—El establecimiento de Madame Pneumo —empezó Cullingham— es una casa de placer muy selecta. Está regentada y atendida enteramente por robots. Sabrás que hace cosa de cincuenta años hubo un robot loco llamado Harry Chernik, o al menos yo creo que era un robot, cuya ambición era construir robots que tuvieran un cuerpo exactamente igual al de los seres humanos, hasta el menor detalle anatómico. Él estaba convencido de que si los hombres y los robots llegaban a ser exactamente iguales, ¡y sobre todo si podían hacer el amor unos con otros!, no habría discriminaciones entre ellos. Chernik inició sus trabajos en la época de la Primera Revuelta Antirrobots, y era un decidido partidario de la integración racial.
»Desde luego, el proyecto resultó inviable en lo relativo al principal objetivo de Chernik. La mayoría de los robots no deseaban parecerse a los seres humanos. Además, toda la capacidad interior de un robot Chernik estaba tan llena de mecanismos destinados a imitar la conducta de un humano en la cama y demás actos sociales, mandos musculares, reguladores de temperatura, de humedad, de succión, etcétera, que no les quedaba espacio para nada más. Así que, aparte de sus extraordinarias aptitudes amatorias, los robots Chernik eran completamente estúpidos. No se trataba de verdaderos robots, sino de simples autómatas. Para reunir la mente de un robot con un autómata de Chernik en la misma envoltura femenina, se habría necesitado un ser de más de tres metros de estatura o tan obeso como las mujeres gordas de los circos. Por otra parte, como ya he dicho, resultó que a la mayoría de los robots no les gustó la idea: ellos querían ser de metal duro y esbelto, ni más ni menos. Un robot o róbix blando, parecido a un ser humano, aunque fuese un ser humano bello, habría sido rechazado y excluido para siempre de sus peculiares placeres, especialmente de los actos amorosos robot-robix. Chernik quedó anonadado. Y escogió para si mismo un espectacular final: se tendió en una enorme cama, rodeado de sus creaciones más seductoras, prendió fuego a las sábanas y luego se electrocutó. Chernik estaba loco, desde luego. Pero los robots que financiaban los trabajos de Chernik no lo estaban. Siempre habían pensado que podían dedicar los autómatas de Chernik a usos secundarios muy provechosos, aunque a él nunca le hablaron de aquellas ideas. De modo que apagaron el fuego, salvaron a los autómatas y casi en seguida los pusieron a trabajar en un establecimiento reservado para seres humanos varones, añadiendo únicamente ciertas mejoras higiénicas y económicas que nunca se le habrían ocurrido a la imaginación idealista de Chernik.
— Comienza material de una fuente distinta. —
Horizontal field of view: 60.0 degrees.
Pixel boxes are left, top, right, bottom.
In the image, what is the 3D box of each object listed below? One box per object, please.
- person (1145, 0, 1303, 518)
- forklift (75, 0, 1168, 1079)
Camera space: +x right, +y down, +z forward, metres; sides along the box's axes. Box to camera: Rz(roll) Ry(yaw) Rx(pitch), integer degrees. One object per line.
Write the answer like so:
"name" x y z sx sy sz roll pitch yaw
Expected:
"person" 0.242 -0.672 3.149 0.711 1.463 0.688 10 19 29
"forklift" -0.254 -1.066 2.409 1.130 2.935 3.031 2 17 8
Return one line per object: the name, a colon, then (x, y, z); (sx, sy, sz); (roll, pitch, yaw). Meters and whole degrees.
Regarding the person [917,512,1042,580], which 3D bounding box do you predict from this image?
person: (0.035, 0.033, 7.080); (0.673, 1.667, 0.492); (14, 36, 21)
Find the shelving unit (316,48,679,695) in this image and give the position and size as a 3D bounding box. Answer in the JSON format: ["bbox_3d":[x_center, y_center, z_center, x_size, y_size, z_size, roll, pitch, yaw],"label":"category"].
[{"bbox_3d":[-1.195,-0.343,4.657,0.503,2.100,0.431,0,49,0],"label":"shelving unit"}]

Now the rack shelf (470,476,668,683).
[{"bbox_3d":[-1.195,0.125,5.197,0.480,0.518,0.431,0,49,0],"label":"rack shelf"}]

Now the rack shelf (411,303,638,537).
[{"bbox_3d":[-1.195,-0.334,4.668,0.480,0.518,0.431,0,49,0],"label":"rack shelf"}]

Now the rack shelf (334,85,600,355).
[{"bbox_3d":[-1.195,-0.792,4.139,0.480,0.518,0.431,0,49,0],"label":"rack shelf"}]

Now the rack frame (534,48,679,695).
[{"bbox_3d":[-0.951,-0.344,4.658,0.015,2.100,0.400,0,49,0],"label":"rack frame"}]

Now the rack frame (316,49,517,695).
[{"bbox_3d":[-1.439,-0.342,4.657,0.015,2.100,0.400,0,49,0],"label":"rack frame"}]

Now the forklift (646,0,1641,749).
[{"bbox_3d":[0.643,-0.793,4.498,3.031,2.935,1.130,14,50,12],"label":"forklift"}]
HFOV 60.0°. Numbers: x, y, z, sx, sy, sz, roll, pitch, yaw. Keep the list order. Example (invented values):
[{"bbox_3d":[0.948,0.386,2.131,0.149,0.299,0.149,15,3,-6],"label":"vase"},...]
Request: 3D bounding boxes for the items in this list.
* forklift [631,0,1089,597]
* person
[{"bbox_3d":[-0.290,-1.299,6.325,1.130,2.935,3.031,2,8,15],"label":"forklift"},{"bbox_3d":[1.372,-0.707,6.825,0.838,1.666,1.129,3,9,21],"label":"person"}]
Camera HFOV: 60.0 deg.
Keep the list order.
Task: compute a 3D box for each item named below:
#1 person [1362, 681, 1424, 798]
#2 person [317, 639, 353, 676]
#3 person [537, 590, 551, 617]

Cullingham enarcó las cejas.
—De hecho, ignoro si se hizo algo parecido con los autómatas masculinos que según se cree Chernik creó, también, pues los del sindicato de robots no sueltan prenda, pero sus robotrices, así las suelen llamar, fueron un gran éxito. Su estupidez era un atractivo más, desde luego, y no impedía que se les adaptaran temporalmente aparatos especiales o cintas magnetofónicas, para permitirles realizar cualquier acto o murmurar cualquier fantasía que un cliente pudiera desear. Lo mejor de todo, quizás, era que el comercio con ellas no podía provocar ningún conflicto personal ni tener consecuencias. Además, con el tiempo se desarrollaron perfeccionamientos especiales que hicieron a las robotrices particularmente atractivas para los hombres más exigentes, caprichosos y aficionados a fantasías, como yo mismo. Así pues, el sindicato de robots no sólo salvó a los autómatas femeninos de Chernik, sino que mejoró también lo que podríamos llamar su «capacidad profesional». No tardaron en fabricar robotrices fuera de serie, mucho mejores que las mujeres humanas, o en cualquier caso mucho más interesantes, si a uno le atrae lo que se sale de lo corriente —Cullingham se mostraba ahora casi animado, y unas manchas sonrosadas aparecieron en sus pálidas mejillas—. ¿Puedes imaginar, Flaxy, lo que es hacer el amor con una muchacha que es todo terciopelo o felpa, o que es todo frío y calor; o poder escuchar una sinfonía a toda orquesta mientras la posees o quizás el Bolero de Ravel; o que tiene unos senos ligeramente prensiles, aunque no demasiado? Las hay con varias zonas epidérmicas eléctricamente refrescantes, o con alguna de las características (sin exagerar, desde luego) del gato, del vampiro o del pulpo. Otras tienen una cabellera como la de Medusa, o cuatro brazos como Siva, o una cola prensil de dos metros de longitud, o… Al mismo tiempo, es absolutamente segura y no puede molestarte, ni engañarte, ni contagiarte, ni dominarte en ningún sentido. Flaxy, no quiero dar la impresión de que estoy haciendo propaganda, pero puedes creerme, ¡es algo definitivo!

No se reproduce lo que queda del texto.